After oral administration, sumatriptan is rapidly absorbed, reaching 70% of the maximum concentration after 45 minutes. After taking 100 mg, the average maximum concentration in blood plasma is 45 ng/ml. Bioavailability after oral administration is 14%, partly due to presystemic metabolism, partly as a result of incomplete absorption. Binding to blood plasma proteins is low (14-21%), the average volume of distribution is 17 l. The mean total plasma clearance is approximately 1160 mL/min and the mean renal clearance is approximately 260 mL/min. Non-renal clearance is approximately 80% of total clearance, which suggests that sumatriptan is excreted mainly in the form of metabolites. The main metabolite, an indole acetate analogue of sumatriptan, is excreted in the urine, where it is found as a free acid and a conjugated compound with a glucuronide. It does not detect 5HT1 and 5HT2 activity. Other metabolites have not been identified. The pharmacokinetics of oral sumatriptan do not change significantly during a migraine attack.

Indications

For quick relief of migraine attacks, with or without aura.

Contraindications

  • Hypersensitivity to any component of the drug.
  • A history of myocardial infarction, coronary heart disease, Prinzmetal’s angina, peripheral vascular disease, or symptoms characteristic of coronary heart disease.
  • History of stroke or transient cerebral circulation disorder.
  • Moderate or severe arterial hypertension and mild uncontrolled arterial hypertension.
  • Severe liver failure.
  • Concomitant use of ergotamine or its derivatives (including methysergide).
  • Concomitant use of any triptan/5-hydroxytryptamine-receptor (5-HT1) agonist.
  • Competitive appointment of monoamine oxidase (MAO) inhibitors and Amigren. Amigren should not be used within 2 weeks after discontinuation of MAO inhibitors.

Directions

Amigren (sumatriptan) capsules 50 mg. cannot be used to prevent an attack.

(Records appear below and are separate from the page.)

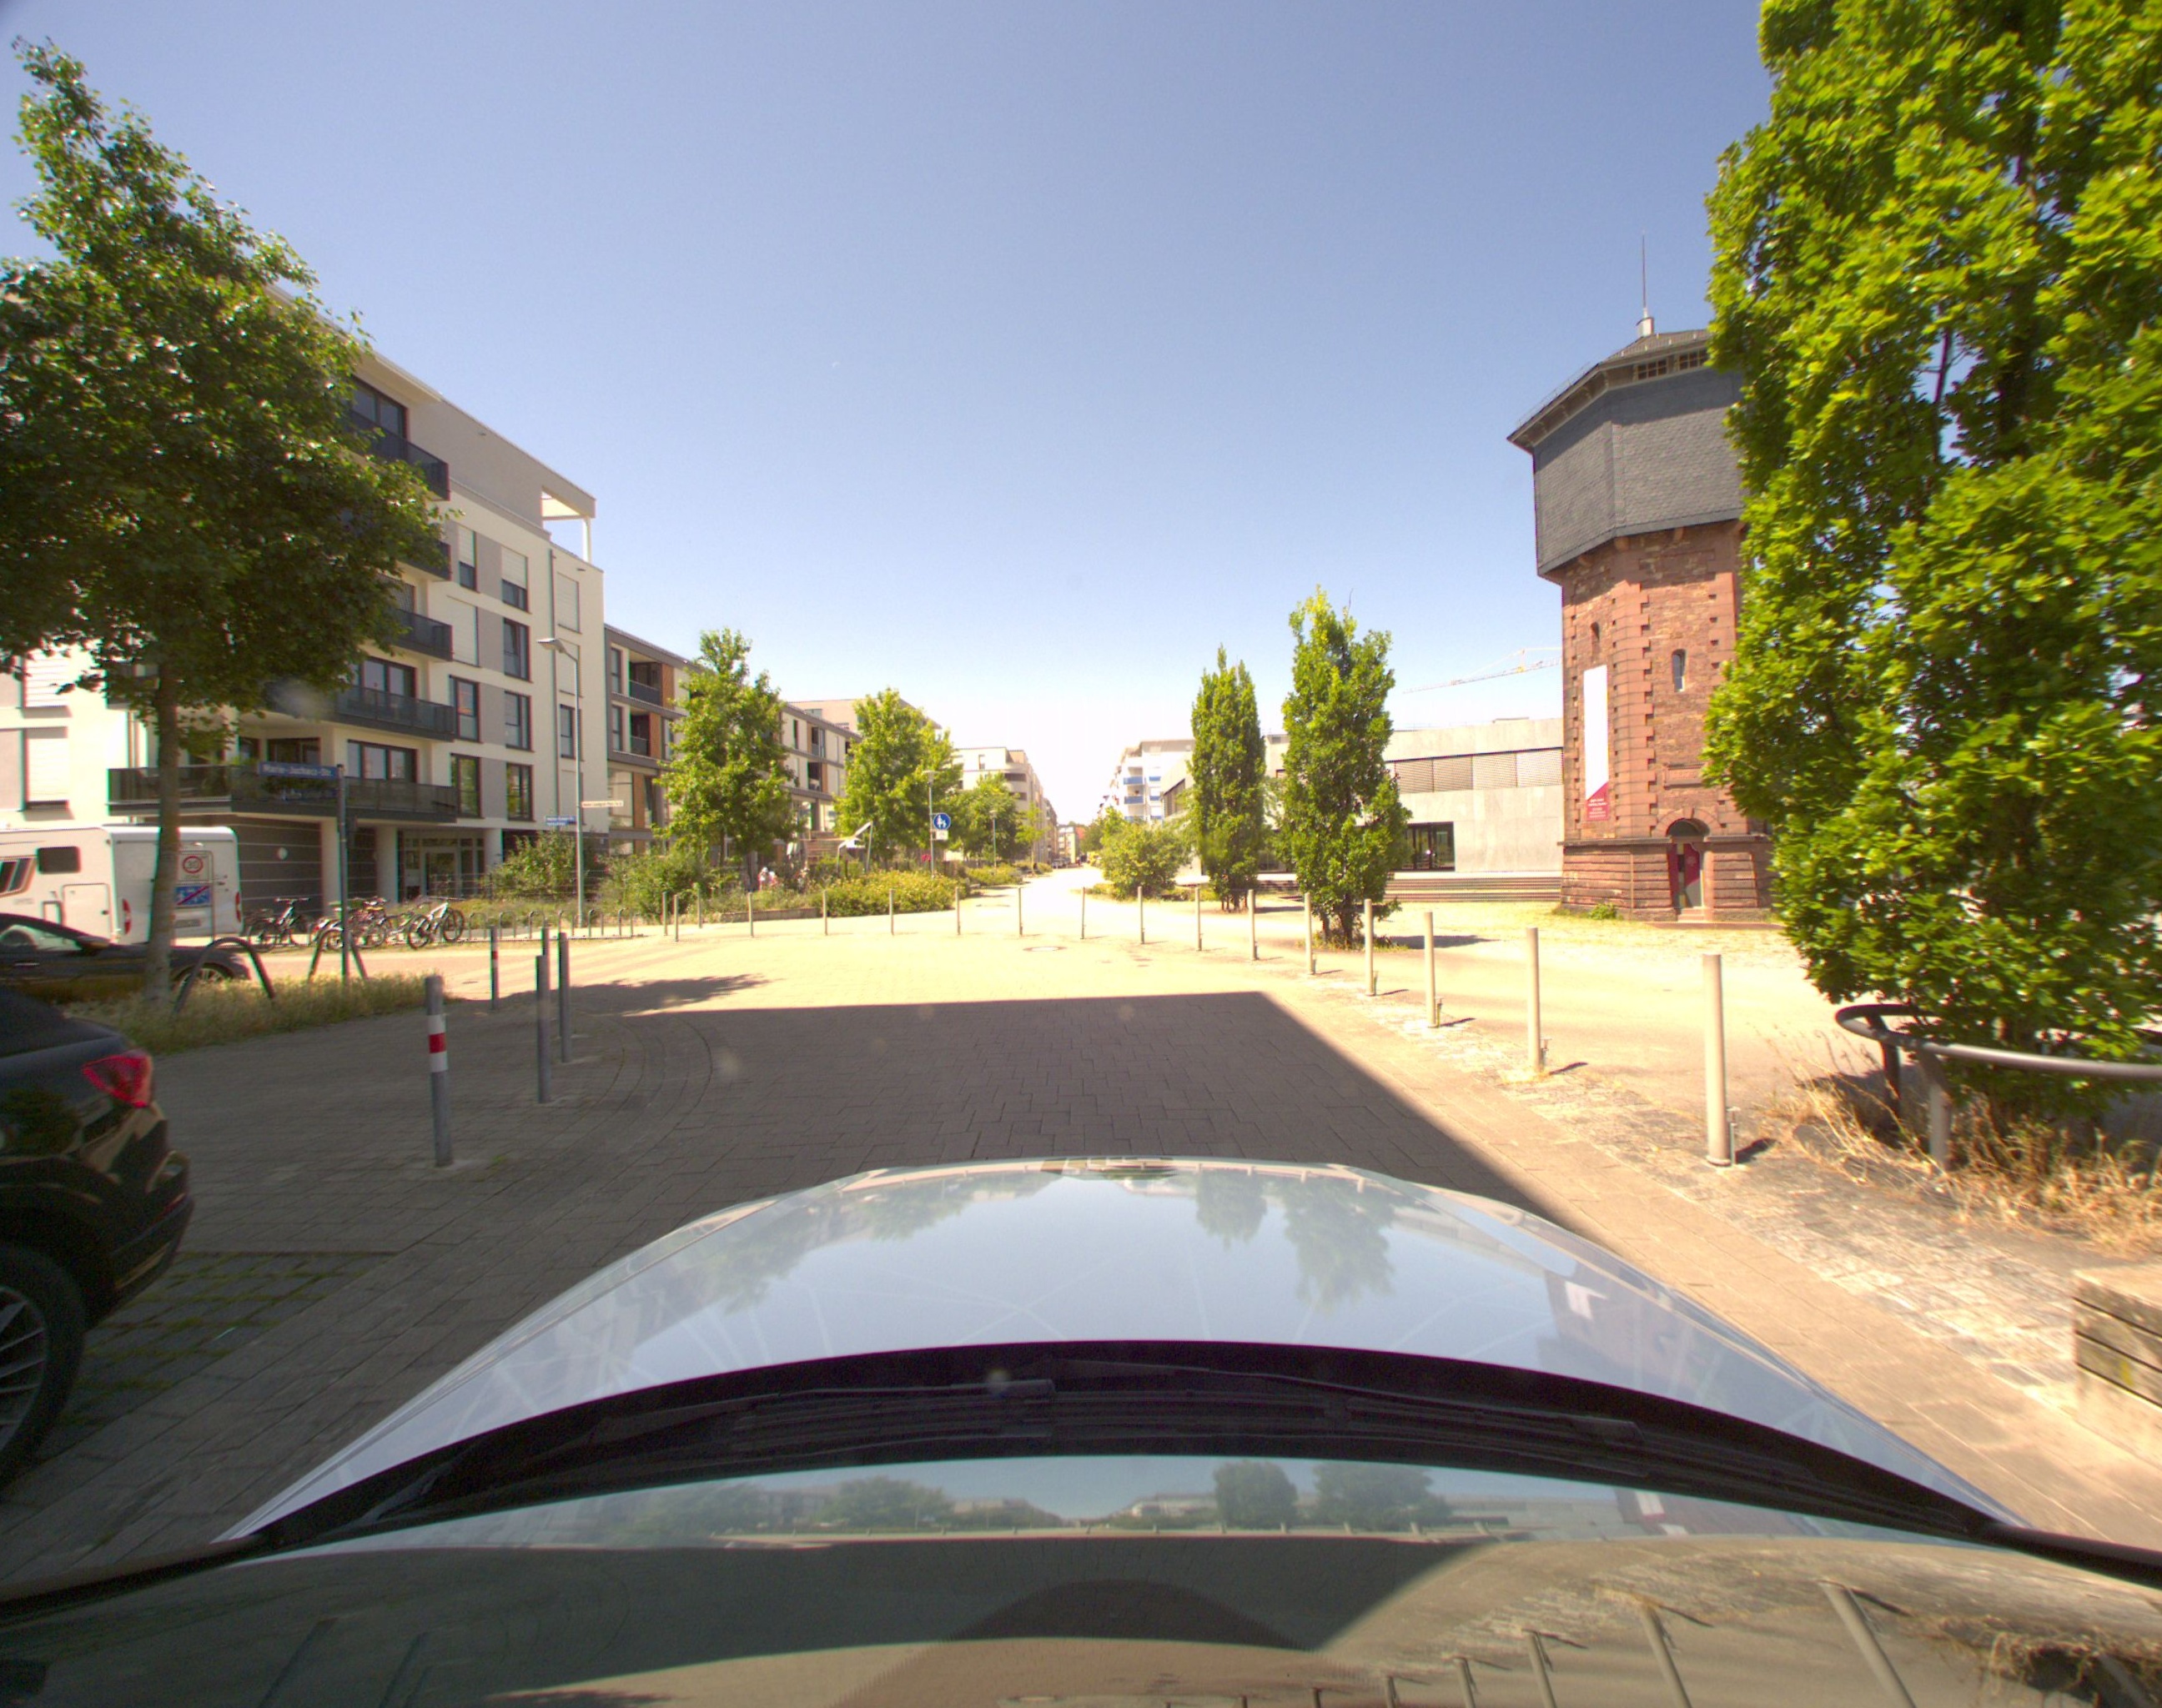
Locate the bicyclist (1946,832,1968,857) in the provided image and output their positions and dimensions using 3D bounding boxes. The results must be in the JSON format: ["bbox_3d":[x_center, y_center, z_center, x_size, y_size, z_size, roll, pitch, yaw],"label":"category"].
[{"bbox_3d":[49.990,-0.542,46.466,0.724,1.435,0.665,-2,-1,38],"label":"bicyclist"}]

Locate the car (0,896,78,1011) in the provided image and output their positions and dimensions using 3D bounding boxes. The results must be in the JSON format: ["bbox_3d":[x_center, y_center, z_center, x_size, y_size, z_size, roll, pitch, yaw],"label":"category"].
[{"bbox_3d":[-14.621,1.231,8.663,1.815,1.449,4.835,-3,-2,2],"label":"car"}]

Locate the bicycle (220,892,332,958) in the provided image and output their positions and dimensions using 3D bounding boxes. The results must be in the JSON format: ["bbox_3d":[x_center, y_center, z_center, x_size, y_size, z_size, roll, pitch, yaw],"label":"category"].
[{"bbox_3d":[-17.822,1.545,18.099,0.824,1.222,1.914,-1,2,-12],"label":"bicycle"}]

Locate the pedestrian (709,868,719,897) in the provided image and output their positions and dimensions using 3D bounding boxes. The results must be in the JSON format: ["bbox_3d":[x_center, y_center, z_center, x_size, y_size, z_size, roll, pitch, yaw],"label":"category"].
[{"bbox_3d":[-21.669,1.671,48.094,0.395,1.691,0.462,-1,-1,-7],"label":"pedestrian"}]

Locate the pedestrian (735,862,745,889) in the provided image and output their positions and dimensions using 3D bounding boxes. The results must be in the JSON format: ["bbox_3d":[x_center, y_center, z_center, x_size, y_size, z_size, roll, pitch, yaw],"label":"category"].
[{"bbox_3d":[-19.484,1.226,46.524,0.398,1.508,0.457,0,-2,-38],"label":"pedestrian"}]

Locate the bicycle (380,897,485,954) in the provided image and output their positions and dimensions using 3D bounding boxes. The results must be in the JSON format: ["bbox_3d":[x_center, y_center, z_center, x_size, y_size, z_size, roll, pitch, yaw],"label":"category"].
[{"bbox_3d":[-14.218,1.541,17.939,0.872,1.003,2.027,-2,1,-8],"label":"bicycle"}]

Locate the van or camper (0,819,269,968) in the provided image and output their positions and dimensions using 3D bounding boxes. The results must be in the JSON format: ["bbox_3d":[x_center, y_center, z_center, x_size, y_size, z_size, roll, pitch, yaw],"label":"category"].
[{"bbox_3d":[-22.846,0.929,17.828,7.770,2.906,2.448,-3,-1,2],"label":"van or camper"}]

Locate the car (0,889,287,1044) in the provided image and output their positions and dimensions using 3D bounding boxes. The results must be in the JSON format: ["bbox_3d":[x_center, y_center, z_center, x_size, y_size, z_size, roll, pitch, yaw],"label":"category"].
[{"bbox_3d":[-11.989,1.245,8.662,1.914,1.485,5.117,-3,-1,2],"label":"car"}]

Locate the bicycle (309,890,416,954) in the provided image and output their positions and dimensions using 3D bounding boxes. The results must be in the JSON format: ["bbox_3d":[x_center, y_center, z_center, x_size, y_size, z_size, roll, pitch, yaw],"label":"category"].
[{"bbox_3d":[-15.802,1.472,17.981,0.551,1.222,1.859,-2,1,5],"label":"bicycle"}]

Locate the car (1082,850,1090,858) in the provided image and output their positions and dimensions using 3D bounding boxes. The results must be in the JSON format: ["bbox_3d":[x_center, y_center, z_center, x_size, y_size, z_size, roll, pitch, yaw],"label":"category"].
[{"bbox_3d":[1.362,0.094,225.040,1.987,2.014,3.998,-2,-1,-1],"label":"car"}]

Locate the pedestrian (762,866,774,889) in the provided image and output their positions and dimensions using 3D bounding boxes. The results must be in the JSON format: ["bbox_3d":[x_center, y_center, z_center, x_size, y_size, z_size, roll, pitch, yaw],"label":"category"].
[{"bbox_3d":[-14.056,1.060,36.542,0.395,1.026,0.411,-1,-2,-7],"label":"pedestrian"}]

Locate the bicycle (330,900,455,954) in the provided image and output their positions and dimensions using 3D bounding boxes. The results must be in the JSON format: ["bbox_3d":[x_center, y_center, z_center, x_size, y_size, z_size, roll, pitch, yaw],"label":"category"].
[{"bbox_3d":[-15.165,1.585,18.013,0.934,0.975,1.868,-2,1,16],"label":"bicycle"}]

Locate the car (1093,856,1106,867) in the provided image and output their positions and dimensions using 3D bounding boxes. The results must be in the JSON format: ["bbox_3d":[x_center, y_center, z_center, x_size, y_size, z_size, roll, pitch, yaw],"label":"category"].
[{"bbox_3d":[3.003,1.177,129.707,1.986,1.609,4.001,-2,-1,2],"label":"car"}]

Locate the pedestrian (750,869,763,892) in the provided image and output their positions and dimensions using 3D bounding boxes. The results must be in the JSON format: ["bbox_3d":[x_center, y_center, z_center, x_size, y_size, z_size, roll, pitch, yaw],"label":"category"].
[{"bbox_3d":[-14.593,1.205,36.602,0.310,1.025,0.414,-3,-2,36],"label":"pedestrian"}]

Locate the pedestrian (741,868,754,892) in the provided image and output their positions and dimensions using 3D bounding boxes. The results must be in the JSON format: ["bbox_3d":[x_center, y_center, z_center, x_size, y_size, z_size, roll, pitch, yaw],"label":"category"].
[{"bbox_3d":[-14.791,1.141,36.080,0.310,1.025,0.414,-3,-2,36],"label":"pedestrian"}]

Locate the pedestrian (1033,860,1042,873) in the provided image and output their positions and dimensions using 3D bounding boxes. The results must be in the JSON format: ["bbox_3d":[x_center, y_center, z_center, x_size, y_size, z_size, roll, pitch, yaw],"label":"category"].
[{"bbox_3d":[-4.362,1.247,81.598,0.844,1.348,0.696,-1,-1,0],"label":"pedestrian"}]

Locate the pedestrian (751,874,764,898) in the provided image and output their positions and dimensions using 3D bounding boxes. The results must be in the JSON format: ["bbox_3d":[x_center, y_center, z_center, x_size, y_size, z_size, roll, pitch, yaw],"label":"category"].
[{"bbox_3d":[-13.672,1.345,34.421,0.279,1.025,0.414,-3,-2,36],"label":"pedestrian"}]

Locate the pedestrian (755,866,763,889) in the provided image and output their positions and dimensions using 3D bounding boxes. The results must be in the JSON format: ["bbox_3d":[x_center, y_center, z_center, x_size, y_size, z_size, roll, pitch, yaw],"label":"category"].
[{"bbox_3d":[-14.921,1.096,37.768,0.322,1.053,0.288,-1,-1,-19],"label":"pedestrian"}]

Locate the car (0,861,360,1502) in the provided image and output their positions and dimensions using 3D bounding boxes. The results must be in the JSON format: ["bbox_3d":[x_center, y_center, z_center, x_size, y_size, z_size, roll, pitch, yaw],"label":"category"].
[{"bbox_3d":[-3.425,0.780,0.692,1.769,1.519,4.394,0,0,-2],"label":"car"}]

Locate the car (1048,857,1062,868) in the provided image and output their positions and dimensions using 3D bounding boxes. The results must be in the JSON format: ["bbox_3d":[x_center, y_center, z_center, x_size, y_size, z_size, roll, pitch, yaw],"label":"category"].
[{"bbox_3d":[-4.372,1.443,138.263,2.138,1.652,4.089,-2,-1,1],"label":"car"}]

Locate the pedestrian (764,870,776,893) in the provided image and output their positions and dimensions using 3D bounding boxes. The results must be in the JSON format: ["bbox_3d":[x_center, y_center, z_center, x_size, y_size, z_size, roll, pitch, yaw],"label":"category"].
[{"bbox_3d":[-13.263,1.189,34.741,0.383,0.971,0.291,-2,-1,15],"label":"pedestrian"}]

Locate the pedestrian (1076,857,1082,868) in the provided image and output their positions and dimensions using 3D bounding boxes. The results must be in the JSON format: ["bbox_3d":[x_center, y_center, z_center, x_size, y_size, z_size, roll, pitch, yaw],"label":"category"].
[{"bbox_3d":[-0.300,1.230,119.870,0.692,1.529,0.599,-2,0,2],"label":"pedestrian"}]

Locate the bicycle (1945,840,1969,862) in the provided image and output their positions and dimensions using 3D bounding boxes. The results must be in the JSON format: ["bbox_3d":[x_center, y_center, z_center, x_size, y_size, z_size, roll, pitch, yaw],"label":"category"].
[{"bbox_3d":[49.901,-0.157,46.394,0.583,1.199,1.954,-2,-1,38],"label":"bicycle"}]

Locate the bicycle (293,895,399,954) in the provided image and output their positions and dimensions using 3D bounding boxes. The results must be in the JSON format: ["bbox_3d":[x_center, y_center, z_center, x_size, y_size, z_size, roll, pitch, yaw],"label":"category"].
[{"bbox_3d":[-16.174,1.535,17.995,0.472,1.110,1.892,-2,0,5],"label":"bicycle"}]

Amigren is recommended to be used as early as possible after the onset of a migraine attack, although it is equally effective at each stage of the attack.

The recommended dose of Amigren for adults is 50 mg (1 tablet). In some cases, the dose can be increased to 100 mg (2 capsules).

Amigren (sumatriptan) capsules 50 mg. can be used for new migraine attacks, but if the first dose of the drug is ineffective, the drug should not be used again during the same attack.

If the patient has responded to the first dose but symptoms return, a second dose may be administered within the next 24 hours, with the total daily dose not exceeding 300 mg.

Capsules should be swallowed whole with water.

Elderly patients (over 65 years of age)

The experience of using sumatriptan for the treatment of patients aged 65 years and older is insufficient. Although the pharmacokinetics of the drug does not differ from that in younger people, until additional clinical data are obtained, prescribing Amigren to elderly patients is not recommended.